До двенадцати часов, когда им с Гэретом предстояло ехать наверх, оставалось совсем немного времени — ровно столько, чтобы успеть забежать в банк, который находился чуть дальше, на той же улице. Изложив свою просьбу, Роджер сообщил клерку все необходимые данные, которые тот и записал.

— Как только мы договоримся с вашим лондонским банком, сэр, вы сможете временно получать деньги по чекам здесь. Какую примерно сумму в неделю?

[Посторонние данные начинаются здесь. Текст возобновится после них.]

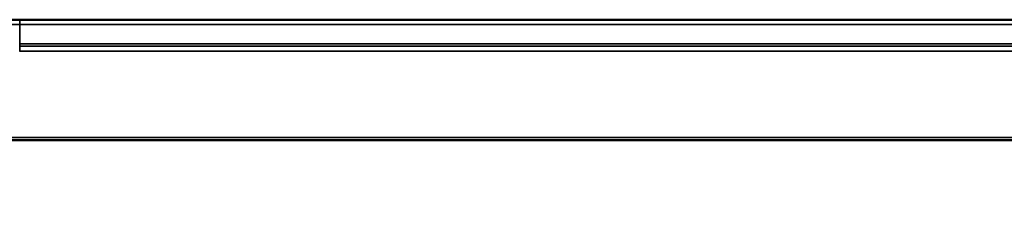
# Model space of a CAD drawing. Header units: millimetres. Extents: x 1077 to 6824, y 2445 to 4712.
# Tile 2 of 15: x 3190 to 4153, y 2997 to 3195. Entities that reach past the tile are written whole.
import ezdxf

# ---------------------------------------------------------------- set-up
doc = ezdxf.new("R2010")
doc.units = ezdxf.units.MM
doc.layers.add('Visibile (ISO)', color=7, linetype='Continuous', lineweight=50)
doc.layers.add('Visibile sottile (ISO)', color=7, linetype='Continuous', lineweight=35)

msp = doc.modelspace()

# ---------------------------------------------------------------- linework, layer by layer
at = {"layer": 'Visibile (ISO)'}
for p, q in [((3190, 3194.72), (4790, 3194.72)), ((4823.56, 3077.09), (3156.44, 3077.09))]:
    msp.add_line(p, q, dxfattribs=at)
msp.add_open_spline([(2957.12, 2997.44), (2959.51, 3011.77), (2963.24, 3025.95), (2973.2, 3053.21), (2979.45, 3066.42), (2994.22, 3091.36), (3002.79, 3103.2), (3021.88, 3125.01), (3032.47, 3135.07), (3055.23, 3153.01), (3067.5, 3160.97), (3093.16, 3174.43), (3106.68, 3180), (3134.38, 3188.53), (3148.68, 3191.52), (3172.01, 3194.2), (3181.01, 3194.72), (3190, 3194.72)], degree=3, knots=[0, 0, 0, 0, 4.359965, 4.359965, 8.70739, 8.70739, 13.054887, 13.054887, 17.402384, 17.402384, 21.749881, 21.749881, 26.097378, 26.097378, 30.444875, 30.444875, 33.141545, 33.141545, 33.141545, 33.141545], dxfattribs=at)
at = {"layer": 'Visibile sottile (ISO)'}
for p, q in [((3190, 3194.72), (3190, 3190.15)), ((3190, 3171.02), (3190, 3190.15)), ((4790, 3190.15), (3190, 3190.15)), ((3189.67, 3169), (3190, 3169)), ((3190, 3171.02), (4790, 3171.02)), ((3190, 3171.02), (3190, 3169)), ((3190, 3169), (4790, 3169)), ((3190, 3169), (3190, 3165.69)), ((3190, 3163.88), (3189.67, 3163.88)), ((3190, 3165.69), (3190, 3163.88)), ((3190, 3163.88), (4790, 3163.88)), ((4823.56, 3079.42), (3156.44, 3079.42))]:
    msp.add_line(p, q, dxfattribs=at)
msp.add_arc((3190, 2958.62), 231.52, 90, 170.53768, dxfattribs=at)

doc.saveas('drawing.dxf')
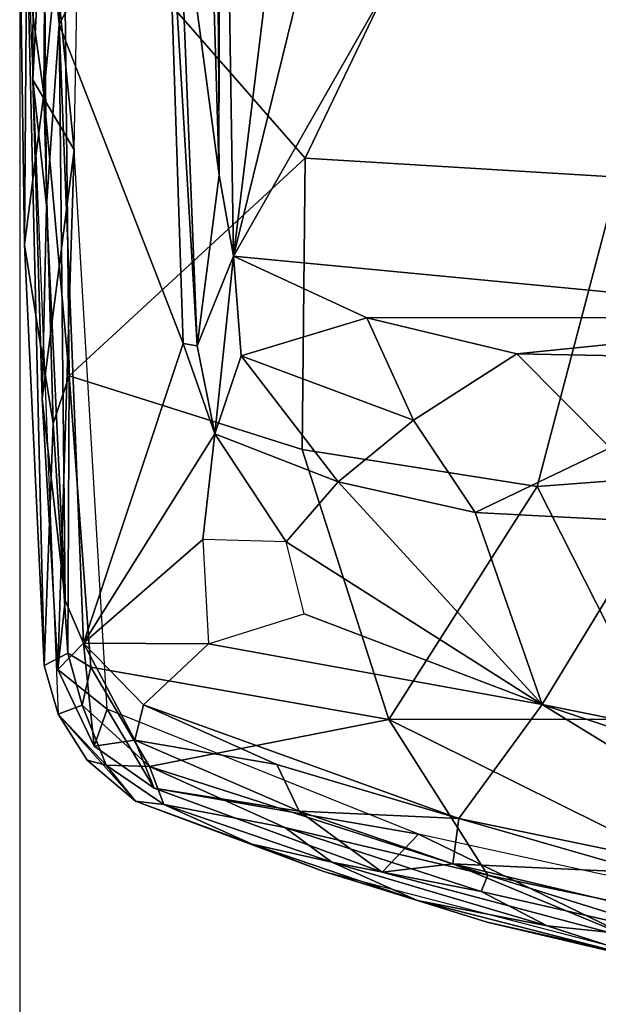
# Model space of a CAD drawing. Header units: millimetres. Extents: x -367 to 317, y -615 to 392.
# Tile 17 of 191: x -318 to -275, y -151 to -78. Entities that reach past the tile are written whole.
import ezdxf

# ---------------------------------------------------------------- set-up
doc = ezdxf.new("R2010")
doc.units = ezdxf.units.MM
doc.layers.add('Fbx_Root', color=7, linetype='Continuous', true_color=0x000000)
doc.styles.add('Default', font='arial.ttf')
doc.dimstyles.new('Default', dxfattribs={"dimscale": 10, "dimtxt": 2.5, "dimasz": 3, "dimexe": 1, "dimexo": 0.5, "dimgap": 0.8, "dimtad": 1, "dimtoh": 1, "dimzin": 1, "dimdsep": 46, "dimtxsty": 'Default', "dimcen": 2.5, "dimadec": 1, "dimazin": 1, "dimtfac": 1, "dimtdec": 4, "dimtix": 1, "dimtofl": 0, "dimtmove": 1, "dimatfit": 3, "dimfxl": 1, "dimtolj": 1, "dimtzin": 1, "dimarcsym": 0})

# ---------------------------------------------------------------- blocks, each defined once
blk = doc.blocks.new('*D1')
at = {"layer": 'Defpoints', "color": 0}
for p in [(-317.816, 295.28), (317.184, 295.28), (-317.816, -604.775)]:
    blk.add_point(p, dxfattribs=at)
at = {"layer": 'Fbx_Root', "color": 0, "lineweight": -2}
for p, q in [((-317.816, 290.28), (-317.816, -614.775)), ((317.184, 290.28), (317.184, -614.775)), ((287.184, -604.775), (-287.816, -604.775))]:
    blk.add_line(p, q, dxfattribs=at)
at = {"layer": 'Fbx_Root', "color": 0}
for points in [[(-287.816, -599.775), (-287.816, -609.775), (-317.816, -604.775)], [(287.184, -609.775), (287.184, -599.775), (317.184, -604.775)]]:
    blk.add_solid(points, dxfattribs=at)
at = {"layer": 'Fbx_Root', "color": 0, "insert": (-0.316, -584.012), "char_height": 25, "attachment_point": 5, "style": 'Default'}
blk.add_mtext('\\A1;635.00', dxfattribs=at)

msp = doc.modelspace()

# ---------------------------------------------------------------- linework, layer by layer
at = {"layer": 'Fbx_Root'}
for points in [[(-280.697, -8.558, 608.444), (-280.681, -57.875, 608.444), (-302.031, -95.329, 608.445)], [(-302.031, -95.329, 608.445), (-294.474, -33.462, 608.444), (-280.697, -8.558, 608.444)], [(-312.644, -23.814, 623.539), (-316.778, -57.854, 624.075), (-313.796, -87.489, 624.361)], [(-303.557, -29.186, 608.439), (-303.092, -89.353, 608.651), (-304.501, -41.82, 608.847)], [(-316.025, -66.399, 617.197), (-314.111, -31.113, 615.448), (-314.911, -78.211, 616.084)], [(-314.911, -78.211, 616.084), (-314.111, -31.113, 615.448), (-307.007, -63.668, 615.613)], [(-302.962, -36.076, 608.447), (-294.474, -33.462, 608.444), (-302.031, -95.329, 608.445)], [(-302.031, -95.329, 608.445), (-303.092, -89.353, 608.651), (-302.962, -36.076, 608.447)], [(-303.092, -89.353, 608.651), (-306.117, -66.7, 614.76), (-304.501, -41.82, 608.847)], [(-296.259, -43.822, 641.13), (-314.563, -67.712, 640.869), (-296.739, -88.098, 641.481), (-284.795, -63.176, 641.516)], [(-317.816, -70.592, 625.104), (-316.025, -83.339, 639.276), (-315.816, -52.413, 639.409)], [(-316.025, -83.339, 639.276), (-314.563, -67.712, 640.869), (-315.816, -52.413, 639.409)], [(-316.843, -82.308, 624.303), (-313.796, -87.489, 624.361), (-316.778, -57.854, 624.075)], [(-316.025, -66.399, 617.197), (-316.843, -82.308, 624.303), (-316.778, -57.854, 624.075)], [(-254.657, -99.874, 608.445), (-302.031, -95.329, 608.445), (-280.681, -57.875, 608.444), (-271.116, -60.573, 608.444)], [(-273.58, -89.494, 641.647), (-267.321, -65.395, 641.451), (-284.795, -63.176, 641.516), (-296.739, -88.098, 641.481)], [(-307.007, -63.668, 615.613), (-305.735, -101.793, 615.844), (-314.911, -78.211, 616.084)], [(-307.007, -63.668, 615.613), (-304.698, -101.964, 615.109), (-305.735, -101.793, 615.844)], [(-306.117, -66.7, 614.76), (-304.698, -101.964, 615.109), (-307.007, -63.668, 615.613)], [(-315.842, -91.584, 617.526), (-316.843, -82.308, 624.303), (-316.025, -66.399, 617.197)], [(-316.025, -66.399, 617.197), (-314.911, -78.211, 616.084), (-315.842, -91.584, 617.526)], [(-306.117, -66.7, 614.76), (-303.092, -89.353, 608.651), (-304.698, -101.964, 615.109)], [(-316.025, -83.339, 639.276), (-314.169, -104.181, 640.734), (-314.563, -67.712, 640.869)], [(-314.563, -67.712, 640.869), (-314.169, -104.181, 640.734), (-296.739, -88.098, 641.481)], [(-317.466, -94.496, 625.221), (-316.025, -83.339, 639.276), (-317.816, -70.592, 625.104)], [(-317.292, -71.02, 624.312), (-317.466, -94.496, 625.221), (-317.816, -70.592, 625.104)], [(-316, -125.58, 624.695), (-317.466, -94.496, 625.221), (-317.292, -71.02, 624.312)], [(-317.292, -71.02, 624.312), (-314.965, -129.163, 624.315), (-316, -125.58, 624.695)], [(-315.842, -91.584, 617.526), (-314.911, -78.211, 616.084), (-314.451, -120.767, 617.081)], [(-314.911, -78.211, 616.084), (-313.091, -123.929, 616.091), (-314.451, -120.767, 617.081)], [(-313.091, -123.929, 616.091), (-314.911, -78.211, 616.084), (-305.735, -101.793, 615.844)], [(-316.147, -105.865, 624.32), (-313.796, -87.489, 624.361), (-316.843, -82.308, 624.303)], [(-315.842, -91.584, 617.526), (-316.147, -105.865, 624.32), (-316.843, -82.308, 624.303)], [(-317.466, -94.496, 625.221), (-315.34, -107.697, 638.669), (-316.025, -83.339, 639.276)], [(-315.34, -107.697, 638.669), (-314.169, -104.181, 640.734), (-316.025, -83.339, 639.276)], [(-314.99, -125.861, 624.199), (-313.796, -87.489, 624.361), (-316.147, -105.865, 624.32)], [(-313.796, -87.489, 624.361), (-314.99, -125.861, 624.199), (-311.355, -128.792, 624.168)], [(-296.943, -109.617, 641.274), (-296.739, -88.098, 641.481), (-314.169, -104.181, 640.734)], [(-296.739, -88.098, 641.481), (-296.943, -109.617, 641.274), (-279.59, -112.364, 641.438), (-273.58, -89.494, 641.647)], [(-302.031, -95.329, 608.445), (-304.698, -101.964, 615.109), (-303.092, -89.353, 608.651)], [(-261.641, -111.001, 641.29), (-273.58, -89.494, 641.647), (-279.59, -112.364, 641.438)], [(-315.842, -91.584, 617.526), (-314.451, -120.767, 617.081), (-316.147, -105.865, 624.32)], [(-316, -125.58, 624.695), (-315.34, -107.697, 638.669), (-317.466, -94.496, 625.221)], [(-304.698, -101.964, 615.109), (-302.031, -95.329, 608.445), (-303.397, -108.457, 615.773)], [(-301.467, -102.691, 611.431), (-303.397, -108.457, 615.773), (-302.031, -95.329, 608.445)], [(-301.467, -102.691, 611.431), (-302.031, -95.329, 608.445), (-292.183, -99.897, 608.447)], [(-302.031, -95.329, 608.445), (-254.657, -99.874, 608.445), (-292.183, -99.897, 608.447)], [(-301.467, -102.691, 611.431), (-292.183, -99.897, 608.447), (-288.725, -107.454, 611.512)], [(-281.093, -102.562, 608.478), (-292.183, -99.897, 608.447), (-254.657, -99.874, 608.445)], [(-281.093, -102.562, 608.478), (-288.725, -107.454, 611.512), (-292.183, -99.897, 608.447)], [(-254.657, -99.874, 608.445), (-269.667, -102.769, 608.469), (-281.093, -102.562, 608.478)], [(-305.735, -101.793, 615.844), (-303.397, -108.457, 615.773), (-313.091, -123.929, 616.091)], [(-304.698, -101.964, 615.109), (-303.397, -108.457, 615.773), (-305.735, -101.793, 615.844)], [(-303.397, -108.457, 615.773), (-301.467, -102.691, 611.431), (-294.299, -112.007, 615.589)], [(-288.725, -107.454, 611.512), (-294.299, -112.007, 615.589), (-301.467, -102.691, 611.431)], [(-274.21, -109.498, 611.701), (-284.164, -114.282, 615.464), (-288.725, -107.454, 611.512), (-281.093, -102.562, 608.478)], [(-281.093, -102.562, 608.478), (-269.667, -102.769, 608.469), (-274.21, -109.498, 611.701)], [(-315.34, -107.697, 638.669), (-314.267, -124.672, 638.758), (-314.169, -104.181, 640.734)], [(-314.267, -124.672, 638.758), (-312.568, -125.69, 640.291), (-314.169, -104.181, 640.734)], [(-296.943, -109.617, 641.274), (-314.169, -104.181, 640.734), (-312.568, -125.69, 640.291), (-290.549, -129.559, 640.779)], [(-316.147, -105.865, 624.32), (-314.451, -120.767, 617.081), (-314.99, -125.861, 624.199)], [(-294.299, -112.007, 615.589), (-288.725, -107.454, 611.512), (-284.164, -114.282, 615.464)], [(-315.34, -107.697, 638.669), (-316, -125.58, 624.695), (-314.267, -124.672, 638.758)], [(-313.091, -123.929, 616.091), (-303.397, -108.457, 615.773), (-304.29, -116.265, 615.786)], [(-298.14, -116.445, 615.648), (-304.29, -116.265, 615.786), (-303.397, -108.457, 615.773)], [(-303.397, -108.457, 615.773), (-294.299, -112.007, 615.589), (-298.14, -116.445, 615.648)], [(-279.59, -112.364, 641.438), (-296.943, -109.617, 641.274), (-290.549, -129.559, 640.779)], [(-284.164, -114.282, 615.464), (-274.21, -109.498, 611.701), (-271.006, -114.96, 615.432)], [(-261.641, -111.001, 641.29), (-279.59, -112.364, 641.438), (-270.869, -129.535, 640.864)], [(-294.299, -112.007, 615.589), (-279.229, -128.449, 615.391), (-298.14, -116.445, 615.648)], [(-294.299, -112.007, 615.589), (-284.164, -114.282, 615.464), (-279.229, -128.449, 615.391)], [(-290.549, -129.559, 640.779), (-270.869, -129.535, 640.864), (-279.59, -112.364, 641.438)], [(-257.032, -113.091, 615.577), (-254.943, -133.364, 615.553), (-279.229, -128.449, 615.391), (-271.006, -114.96, 615.432)], [(-284.164, -114.282, 615.464), (-271.006, -114.96, 615.432), (-279.229, -128.449, 615.391)], [(-303.868, -123.966, 615.76), (-313.091, -123.929, 616.091), (-304.29, -116.265, 615.786)], [(-296.793, -121.77, 615.607), (-298.14, -116.445, 615.648), (-279.229, -128.449, 615.391)], [(-314.451, -120.767, 617.081), (-313.091, -123.929, 616.091), (-314.99, -125.861, 624.199)], [(-296.793, -121.77, 615.607), (-279.229, -128.449, 615.391), (-303.868, -123.966, 615.76)], [(-312.303, -131.53, 624.131), (-314.99, -125.861, 624.199), (-313.091, -123.929, 616.091)], [(-309.32, -131.093, 619.208), (-312.303, -131.53, 624.131), (-313.091, -123.929, 616.091)], [(-313.091, -123.929, 616.091), (-308.675, -128.473, 615.967), (-309.32, -131.093, 619.208)], [(-308.675, -128.473, 615.967), (-313.091, -123.929, 616.091), (-303.868, -123.966, 615.76)], [(-308.675, -128.473, 615.967), (-303.868, -123.966, 615.76), (-279.229, -128.449, 615.391), (-285.379, -136.882, 615.863)], [(-316, -125.58, 624.695), (-314.965, -129.163, 624.315), (-313.194, -128.518, 638.303), (-314.267, -124.672, 638.758)], [(-313.194, -128.518, 638.303), (-312.568, -125.69, 640.291), (-314.267, -124.672, 638.758)], [(-313.194, -128.518, 638.303), (-308.234, -133.038, 639.979), (-312.568, -125.69, 640.291)], [(-308.234, -133.038, 639.979), (-290.549, -129.559, 640.779), (-312.568, -125.69, 640.291)], [(-312.303, -131.53, 624.131), (-311.355, -128.792, 624.168), (-314.99, -125.861, 624.199)], [(-311.422, -132.94, 633.251), (-313.194, -128.518, 638.303), (-314.965, -129.163, 624.315)], [(-308.234, -133.038, 639.979), (-313.194, -128.518, 638.303), (-311.422, -132.94, 633.251)], [(-309.32, -131.093, 619.208), (-308.675, -128.473, 615.967), (-298.822, -132.883, 616.274)], [(-298.822, -132.883, 616.274), (-308.675, -128.473, 615.967), (-285.379, -136.882, 615.863)], [(-285.379, -136.882, 615.863), (-279.229, -128.449, 615.391), (-255.355, -143.112, 615.75)], [(-251.177, -137.811, 615.669), (-279.229, -128.449, 615.391), (-254.943, -133.364, 615.553)], [(-279.229, -128.449, 615.391), (-251.177, -137.811, 615.669), (-255.355, -143.112, 615.75)], [(-309.254, -135.587, 624.607), (-312.836, -132.579, 624.702), (-314.965, -129.163, 624.315)], [(-311.422, -132.94, 633.251), (-314.965, -129.163, 624.315), (-312.836, -132.579, 624.702)], [(-307.877, -134.647, 624.092), (-311.355, -128.792, 624.168), (-312.303, -131.53, 624.131)], [(-311.355, -128.792, 624.168), (-307.877, -134.647, 624.092), (-288.351, -138.035, 624.048)], [(-308.234, -133.038, 639.979), (-283.235, -141.055, 639.801), (-290.549, -129.559, 640.779)], [(-290.549, -129.559, 640.779), (-255.82, -146.791, 639.534), (-270.869, -129.535, 640.864)], [(-255.82, -146.791, 639.534), (-290.549, -129.559, 640.779), (-283.235, -141.055, 639.801)], [(-307.877, -134.647, 624.092), (-312.303, -131.53, 624.131), (-309.32, -131.093, 619.208)], [(-297.165, -136.346, 619.707), (-307.877, -134.647, 624.092), (-309.32, -131.093, 619.208)], [(-297.165, -136.346, 619.707), (-309.32, -131.093, 619.208), (-298.822, -132.883, 616.274)], [(-312.836, -132.579, 624.702), (-309.254, -135.587, 624.607), (-311.422, -132.94, 633.251)], [(-311.422, -132.94, 633.251), (-307.174, -135.841, 633.955), (-308.234, -133.038, 639.979)], [(-307.174, -135.841, 633.955), (-311.422, -132.94, 633.251), (-309.254, -135.587, 624.607)], [(-298.227, -137.554, 639.06), (-283.235, -141.055, 639.801), (-308.234, -133.038, 639.979)], [(-298.227, -137.554, 639.06), (-308.234, -133.038, 639.979), (-307.174, -135.841, 633.955)], [(-298.822, -132.883, 616.274), (-285.379, -136.882, 615.863), (-297.165, -136.346, 619.707)], [(-291.04, -140.833, 624.009), (-288.351, -138.035, 624.048), (-307.877, -134.647, 624.092)], [(-291.04, -140.833, 624.009), (-307.877, -134.647, 624.092), (-297.165, -136.346, 619.707)], [(-309.254, -135.587, 624.607), (-295.424, -140.773, 624.383), (-300.652, -138.784, 630.881)], [(-307.174, -135.841, 633.955), (-309.254, -135.587, 624.607), (-300.652, -138.784, 630.881)], [(-300.652, -138.784, 630.881), (-294.761, -140.106, 635.272), (-307.174, -135.841, 633.955)], [(-294.761, -140.106, 635.272), (-298.227, -137.554, 639.06), (-307.174, -135.841, 633.955)], [(-297.165, -136.346, 619.707), (-285.832, -140.224, 619.95), (-291.04, -140.833, 624.009)], [(-285.832, -140.224, 619.95), (-297.165, -136.346, 619.707), (-285.379, -136.882, 615.863)], [(-285.379, -136.882, 615.863), (-271.429, -140.903, 616.263), (-285.832, -140.224, 619.95)], [(-285.379, -136.882, 615.863), (-255.355, -143.112, 615.75), (-271.429, -140.903, 616.263)], [(-283.724, -142.264, 638.541), (-283.235, -141.055, 639.801), (-298.227, -137.554, 639.06)], [(-283.724, -142.264, 638.541), (-298.227, -137.554, 639.06), (-294.761, -140.106, 635.272)], [(-272.336, -145.816, 623.932), (-288.351, -138.035, 624.048), (-291.04, -140.833, 624.009)], [(-288.351, -138.035, 624.048), (-272.336, -145.816, 623.932), (-252.905, -145.786, 623.929)], [(-288.43, -142.947, 630.908), (-294.761, -140.106, 635.272), (-300.652, -138.784, 630.881)], [(-288.43, -142.947, 630.908), (-300.652, -138.784, 630.881), (-295.424, -140.773, 624.383)], [(-288.43, -142.947, 630.908), (-278.856, -144.814, 635.133), (-294.761, -140.106, 635.272)], [(-294.761, -140.106, 635.272), (-278.856, -144.814, 635.133), (-283.724, -142.264, 638.541)], [(-272.336, -145.816, 623.932), (-291.04, -140.833, 624.009), (-285.832, -140.224, 619.95)], [(-285.832, -140.224, 619.95), (-267.033, -144.681, 619.791), (-272.336, -145.816, 623.932)], [(-267.033, -144.681, 619.791), (-285.832, -140.224, 619.95), (-271.429, -140.903, 616.263)], [(-295.424, -140.773, 624.383), (-283.29, -144.526, 624.407), (-288.43, -142.947, 630.908)], [(-295.424, -140.773, 624.383), (-265.578, -148.534, 624.334), (-283.29, -144.526, 624.407)], [(-283.235, -141.055, 639.801), (-283.724, -142.264, 638.541), (-267.307, -146.003, 638.525)], [(-267.307, -146.003, 638.525), (-255.82, -146.791, 639.534), (-283.235, -141.055, 639.801)], [(-283.724, -142.264, 638.541), (-278.856, -144.814, 635.133), (-267.307, -146.003, 638.525)], [(-270.028, -147.654, 631.323), (-278.856, -144.814, 635.133), (-288.43, -142.947, 630.908)], [(-270.028, -147.654, 631.323), (-288.43, -142.947, 630.908), (-283.29, -144.526, 624.407)], [(-283.29, -144.526, 624.407), (-265.578, -148.534, 624.334), (-270.028, -147.654, 631.323)], [(-267.307, -146.003, 638.525), (-278.856, -144.814, 635.133), (-270.028, -147.654, 631.323)]]:
    msp.add_3dface(points, dxfattribs=at)

# ---------------------------------------------------------------- dimensions: what is measured, and where the dimension line sits
dim = msp.add_linear_dim(base=(-317.816, -604.775), p1=(317.184, 295.28), p2=(-317.816, 295.28), angle=180, dimstyle='Default', override={"dimscale": 10, "dimtxt": 2.5, "dimasz": 3, "dimexe": 1, "dimexo": 0.5, "dimgap": 0.8, "dimtad": 1, "dimtih": 0, "dimtoh": 0, "dimdec": 2, "dimlfac": 1, "dimzin": 1, "dimtxsty": 'Default', "dimsah": 0, "dimcen": 2.5, "dimadec": 1, "dimazin": 1, "dimtix": 0, "dimtmove": 0, "dimtzin": 1}, dxfattribs=at)
dim.commit()
dim.dimension.update_dxf_attribs({"geometry": '*D1', "text_midpoint": (-0.316, -584.012)})

doc.saveas('drawing.dxf')

— Двадцать фунтов, — сказал Роджер.

На его лондонском счету денег оставалось совсем немного — сколько именно, они выяснят и сообщат ему. По всей вероятности, что-то около ста или ста пятидесяти фунтов. И никаких поступлений до первого января, когда после всех вычетов ему переведут жалованье из университета. Что за собачья жизнь! Почему он никогда ничего не откладывал, почему он дожил до сорока лет и у него нет даже двух тысяч на черный день? Ответ на этот вопрос напрашивался сам собой: женщины. До сих пор Роджер вынужден был довольствоваться случайными встречами, и это обязывало его изображать из себя кутилу. И сейчас, в этом прохладном безликом банке с полированными стойками и стеклянными перегородками, на которых выгравированы имена тех, кто за ними сидит, ему стало просто плохо при одной мысли о том, сколько его денег перекочевало в карманы рестораторов и владельцев отелей, какое количество деликатесов он без всякого аппетита проглотил, сколько выпил тонких вин, даже не почувствовав их вкуса. А за всем этим по пятам неизменно следовала расплата в виде бумажек, оставленных на столе. Что же тут удивительного, если он теперь беден! Он немало потратил на удовлетворение своих биологических потребностей и, однако, разбросав по ветру поистине чудовищную сумму, был все так же неудовлетворен. И обиднее всего, что уж слишком кратки были мгновения, когда он чувствовал себя счастливым… Кивнув прилизанному клерку, Роджер вышел из банка и быстро зашагал к площади.